The scrapy spiders implemented do not read from and add to existing json files. Instead it executes the entire job in one session. To execute the movie list spider, cd to the IMDBScraper folder, then run: ‘scrapy crawl list_spider -o .json’. This will deploy the spider and scrape the movie data of TOP 5000 FILMS (2021 UPDATE) movie list that has 6,329 titles.
To execute the ID iterator spider, cd to the IMDBScraper folder, then run: ‘scrapy crawl movie_spider -o .json -a start=120737 -a delta=5000’. This was the exact command used to get the scraped ID dataset.
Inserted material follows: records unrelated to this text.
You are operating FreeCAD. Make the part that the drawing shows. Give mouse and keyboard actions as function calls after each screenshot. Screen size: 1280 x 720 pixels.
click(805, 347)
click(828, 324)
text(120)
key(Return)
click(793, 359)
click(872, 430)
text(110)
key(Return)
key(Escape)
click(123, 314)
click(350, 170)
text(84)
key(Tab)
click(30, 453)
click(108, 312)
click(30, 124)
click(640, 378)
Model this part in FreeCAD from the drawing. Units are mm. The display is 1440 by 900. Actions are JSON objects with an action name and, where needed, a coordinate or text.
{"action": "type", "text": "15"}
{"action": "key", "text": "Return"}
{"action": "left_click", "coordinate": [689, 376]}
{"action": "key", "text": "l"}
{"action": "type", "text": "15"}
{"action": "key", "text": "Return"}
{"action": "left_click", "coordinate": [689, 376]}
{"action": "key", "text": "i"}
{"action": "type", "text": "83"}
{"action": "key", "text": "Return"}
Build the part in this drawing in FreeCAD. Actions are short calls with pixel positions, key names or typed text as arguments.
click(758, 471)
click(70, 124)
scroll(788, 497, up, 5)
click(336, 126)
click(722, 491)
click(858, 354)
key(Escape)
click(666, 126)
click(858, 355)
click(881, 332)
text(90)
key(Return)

If needed the ‘start’ variable can be modified to provide a different starting ID, while the ‘delta’ variable can be modified to provide a different range to parse movies from (scraper goes from start - (start+delta))
To build the PyLucene index, we created an executable file called indexbuilder.sh to run the command, while also checking whether the file path is correct and the input file exists.
we run the executable file indexbuilder.sh with the following command: ./indexbuilder.sh <filepath/input_data_file>
If ran successfully, the indexed data will be created in a folder called “imdb_lucene_index” in the same directory as the indexbuilder.sh file, and we can perform search queries on that data.
Note that the json file we are using as input is the "cleaned" json which relies on the IMDB public dataset. Make sure to use the given input file rather than just using the direct output of the scraper.